[Records from a data collection]
====
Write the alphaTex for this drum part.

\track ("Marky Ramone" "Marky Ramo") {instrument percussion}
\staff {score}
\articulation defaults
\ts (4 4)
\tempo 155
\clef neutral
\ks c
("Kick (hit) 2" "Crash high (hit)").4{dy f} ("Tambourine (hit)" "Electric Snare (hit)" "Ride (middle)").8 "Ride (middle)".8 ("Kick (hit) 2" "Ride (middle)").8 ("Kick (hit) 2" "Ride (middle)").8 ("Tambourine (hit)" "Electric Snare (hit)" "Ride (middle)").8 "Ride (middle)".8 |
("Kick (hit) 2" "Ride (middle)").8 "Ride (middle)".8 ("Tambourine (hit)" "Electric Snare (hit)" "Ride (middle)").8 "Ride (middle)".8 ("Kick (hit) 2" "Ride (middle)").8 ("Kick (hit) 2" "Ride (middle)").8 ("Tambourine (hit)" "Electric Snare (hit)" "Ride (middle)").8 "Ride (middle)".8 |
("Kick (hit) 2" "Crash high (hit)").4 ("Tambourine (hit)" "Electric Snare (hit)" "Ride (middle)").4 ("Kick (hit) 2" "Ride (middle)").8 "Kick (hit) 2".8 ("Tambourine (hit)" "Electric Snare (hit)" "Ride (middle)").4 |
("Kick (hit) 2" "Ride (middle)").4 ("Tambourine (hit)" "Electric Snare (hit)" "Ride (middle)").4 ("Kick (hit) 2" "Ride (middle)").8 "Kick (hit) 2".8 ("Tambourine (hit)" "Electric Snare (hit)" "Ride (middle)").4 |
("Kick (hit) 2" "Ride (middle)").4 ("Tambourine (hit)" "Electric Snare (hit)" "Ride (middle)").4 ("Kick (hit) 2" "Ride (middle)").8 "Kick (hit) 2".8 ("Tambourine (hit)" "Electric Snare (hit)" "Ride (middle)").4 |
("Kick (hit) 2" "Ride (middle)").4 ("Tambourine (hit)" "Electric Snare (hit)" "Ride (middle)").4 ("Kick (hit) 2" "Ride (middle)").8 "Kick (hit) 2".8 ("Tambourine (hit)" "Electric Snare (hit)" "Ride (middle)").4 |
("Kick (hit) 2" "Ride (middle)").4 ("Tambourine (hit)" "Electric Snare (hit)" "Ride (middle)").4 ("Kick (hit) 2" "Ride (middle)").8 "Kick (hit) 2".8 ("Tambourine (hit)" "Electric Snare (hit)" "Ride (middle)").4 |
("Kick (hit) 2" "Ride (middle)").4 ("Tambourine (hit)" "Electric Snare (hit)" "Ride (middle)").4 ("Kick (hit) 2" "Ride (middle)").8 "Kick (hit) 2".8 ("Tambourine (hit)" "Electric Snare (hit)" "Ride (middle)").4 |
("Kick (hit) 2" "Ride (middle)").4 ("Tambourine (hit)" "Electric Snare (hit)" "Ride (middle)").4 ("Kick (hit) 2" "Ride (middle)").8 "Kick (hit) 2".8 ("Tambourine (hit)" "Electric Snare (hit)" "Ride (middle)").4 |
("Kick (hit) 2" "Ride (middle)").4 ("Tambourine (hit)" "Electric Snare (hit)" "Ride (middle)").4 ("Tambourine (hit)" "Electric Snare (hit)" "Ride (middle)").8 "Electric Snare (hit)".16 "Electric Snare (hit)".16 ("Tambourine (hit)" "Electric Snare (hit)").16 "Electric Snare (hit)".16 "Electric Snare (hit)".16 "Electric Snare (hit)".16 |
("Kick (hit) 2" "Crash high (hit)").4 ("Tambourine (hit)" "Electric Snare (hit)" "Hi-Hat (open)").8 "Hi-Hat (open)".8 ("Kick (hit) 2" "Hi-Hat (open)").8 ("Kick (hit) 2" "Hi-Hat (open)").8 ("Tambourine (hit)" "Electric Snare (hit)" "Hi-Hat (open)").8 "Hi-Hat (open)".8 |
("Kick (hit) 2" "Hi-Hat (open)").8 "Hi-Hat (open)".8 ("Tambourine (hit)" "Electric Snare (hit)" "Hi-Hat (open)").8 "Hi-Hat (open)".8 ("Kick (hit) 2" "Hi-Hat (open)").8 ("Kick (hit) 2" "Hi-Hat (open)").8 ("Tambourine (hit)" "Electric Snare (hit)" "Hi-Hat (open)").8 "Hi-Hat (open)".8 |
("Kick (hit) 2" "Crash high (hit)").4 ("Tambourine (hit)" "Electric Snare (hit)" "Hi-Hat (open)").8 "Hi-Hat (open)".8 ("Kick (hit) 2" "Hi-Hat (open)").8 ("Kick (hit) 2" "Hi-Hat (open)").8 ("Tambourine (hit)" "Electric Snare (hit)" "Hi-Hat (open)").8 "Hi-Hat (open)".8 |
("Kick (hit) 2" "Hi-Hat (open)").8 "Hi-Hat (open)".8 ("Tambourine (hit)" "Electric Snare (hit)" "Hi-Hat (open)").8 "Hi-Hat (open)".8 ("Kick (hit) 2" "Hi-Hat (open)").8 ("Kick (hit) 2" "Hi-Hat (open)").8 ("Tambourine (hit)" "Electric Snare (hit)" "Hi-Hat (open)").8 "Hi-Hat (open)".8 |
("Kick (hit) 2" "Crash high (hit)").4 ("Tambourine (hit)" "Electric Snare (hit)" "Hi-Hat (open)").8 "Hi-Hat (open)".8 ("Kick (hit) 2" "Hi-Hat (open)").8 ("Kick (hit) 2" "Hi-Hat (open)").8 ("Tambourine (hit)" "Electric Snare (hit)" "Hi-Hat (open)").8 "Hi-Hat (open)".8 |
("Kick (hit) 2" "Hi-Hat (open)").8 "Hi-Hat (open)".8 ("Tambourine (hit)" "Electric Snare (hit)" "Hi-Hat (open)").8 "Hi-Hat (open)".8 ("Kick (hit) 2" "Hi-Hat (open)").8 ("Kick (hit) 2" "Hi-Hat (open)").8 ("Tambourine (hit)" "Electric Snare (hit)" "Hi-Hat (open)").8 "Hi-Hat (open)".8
====
HOW TO COMPLETE THIS TASK: Exactly as written, please output every entry.

EXERCISE SOLUTION:
Write the alphaTex for this drum part.

\track ("Marky Ramone" "Marky Ramo") {instrument percussion}
\staff {score}
\articulation defaults
\ts (4 4)
\tempo 155
\clef neutral
\ks c
("Kick (hit) 2" "Crash high (hit)").4{dy f} ("Tambourine (hit)" "Electric Snare (hit)" "Ride (middle)").8 "Ride (middle)".8 ("Kick (hit) 2" "Ride (middle)").8 ("Kick (hit) 2" "Ride (middle)").8 ("Tambourine (hit)" "Electric Snare (hit)" "Ride (middle)").8 "Ride (middle)".8 |
("Kick (hit) 2" "Ride (middle)").8 "Ride (middle)".8 ("Tambourine (hit)" "Electric Snare (hit)" "Ride (middle)").8 "Ride (middle)".8 ("Kick (hit) 2" "Ride (middle)").8 ("Kick (hit) 2" "Ride (middle)").8 ("Tambourine (hit)" "Electric Snare (hit)" "Ride (middle)").8 "Ride (middle)".8 |
("Kick (hit) 2" "Crash high (hit)").4 ("Tambourine (hit)" "Electric Snare (hit)" "Ride (middle)").4 ("Kick (hit) 2" "Ride (middle)").8 "Kick (hit) 2".8 ("Tambourine (hit)" "Electric Snare (hit)" "Ride (middle)").4 |
("Kick (hit) 2" "Ride (middle)").4 ("Tambourine (hit)" "Electric Snare (hit)" "Ride (middle)").4 ("Kick (hit) 2" "Ride (middle)").8 "Kick (hit) 2".8 ("Tambourine (hit)" "Electric Snare (hit)" "Ride (middle)").4 |
("Kick (hit) 2" "Ride (middle)").4 ("Tambourine (hit)" "Electric Snare (hit)" "Ride (middle)").4 ("Kick (hit) 2" "Ride (middle)").8 "Kick (hit) 2".8 ("Tambourine (hit)" "Electric Snare (hit)" "Ride (middle)").4 |
("Kick (hit) 2" "Ride (middle)").4 ("Tambourine (hit)" "Electric Snare (hit)" "Ride (middle)").4 ("Kick (hit) 2" "Ride (middle)").8 "Kick (hit) 2".8 ("Tambourine (hit)" "Electric Snare (hit)" "Ride (middle)").4 |
("Kick (hit) 2" "Ride (middle)").4 ("Tambourine (hit)" "Electric Snare (hit)" "Ride (middle)").4 ("Kick (hit) 2" "Ride (middle)").8 "Kick (hit) 2".8 ("Tambourine (hit)" "Electric Snare (hit)" "Ride (middle)").4 |
("Kick (hit) 2" "Ride (middle)").4 ("Tambourine (hit)" "Electric Snare (hit)" "Ride (middle)").4 ("Kick (hit) 2" "Ride (middle)").8 "Kick (hit) 2".8 ("Tambourine (hit)" "Electric Snare (hit)" "Ride (middle)").4 |
("Kick (hit) 2" "Ride (middle)").4 ("Tambourine (hit)" "Electric Snare (hit)" "Ride (middle)").4 ("Kick (hit) 2" "Ride (middle)").8 "Kick (hit) 2".8 ("Tambourine (hit)" "Electric Snare (hit)" "Ride (middle)").4 |
("Kick (hit) 2" "Ride (middle)").4 ("Tambourine (hit)" "Electric Snare (hit)" "Ride (middle)").4 ("Tambourine (hit)" "Electric Snare (hit)" "Ride (middle)").8 "Electric Snare (hit)".16 "Electric Snare (hit)".16 ("Tambourine (hit)" "Electric Snare (hit)").16 "Electric Snare (hit)".16 "Electric Snare (hit)".16 "Electric Snare (hit)".16 |
("Kick (hit) 2" "Crash high (hit)").4 ("Tambourine (hit)" "Electric Snare (hit)" "Hi-Hat (open)").8 "Hi-Hat (open)".8 ("Kick (hit) 2" "Hi-Hat (open)").8 ("Kick (hit) 2" "Hi-Hat (open)").8 ("Tambourine (hit)" "Electric Snare (hit)" "Hi-Hat (open)").8 "Hi-Hat (open)".8 |
("Kick (hit) 2" "Hi-Hat (open)").8 "Hi-Hat (open)".8 ("Tambourine (hit)" "Electric Snare (hit)" "Hi-Hat (open)").8 "Hi-Hat (open)".8 ("Kick (hit) 2" "Hi-Hat (open)").8 ("Kick (hit) 2" "Hi-Hat (open)").8 ("Tambourine (hit)" "Electric Snare (hit)" "Hi-Hat (open)").8 "Hi-Hat (open)".8 |
("Kick (hit) 2" "Crash high (hit)").4 ("Tambourine (hit)" "Electric Snare (hit)" "Hi-Hat (open)").8 "Hi-Hat (open)".8 ("Kick (hit) 2" "Hi-Hat (open)").8 ("Kick (hit) 2" "Hi-Hat (open)").8 ("Tambourine (hit)" "Electric Snare (hit)" "Hi-Hat (open)").8 "Hi-Hat (open)".8 |
("Kick (hit) 2" "Hi-Hat (open)").8 "Hi-Hat (open)".8 ("Tambourine (hit)" "Electric Snare (hit)" "Hi-Hat (open)").8 "Hi-Hat (open)".8 ("Kick (hit) 2" "Hi-Hat (open)").8 ("Kick (hit) 2" "Hi-Hat (open)").8 ("Tambourine (hit)" "Electric Snare (hit)" "Hi-Hat (open)").8 "Hi-Hat (open)".8 |
("Kick (hit) 2" "Crash high (hit)").4 ("Tambourine (hit)" "Electric Snare (hit)" "Hi-Hat (open)").8 "Hi-Hat (open)".8 ("Kick (hit) 2" "Hi-Hat (open)").8 ("Kick (hit) 2" "Hi-Hat (open)").8 ("Tambourine (hit)" "Electric Snare (hit)" "Hi-Hat (open)").8 "Hi-Hat (open)".8 |
("Kick (hit) 2" "Hi-Hat (open)").8 "Hi-Hat (open)".8 ("Tambourine (hit)" "Electric Snare (hit)" "Hi-Hat (open)").8 "Hi-Hat (open)".8 ("Kick (hit) 2" "Hi-Hat (open)").8 ("Kick (hit) 2" "Hi-Hat (open)").8 ("Tambourine (hit)" "Electric Snare (hit)" "Hi-Hat (open)").8 "Hi-Hat (open)".8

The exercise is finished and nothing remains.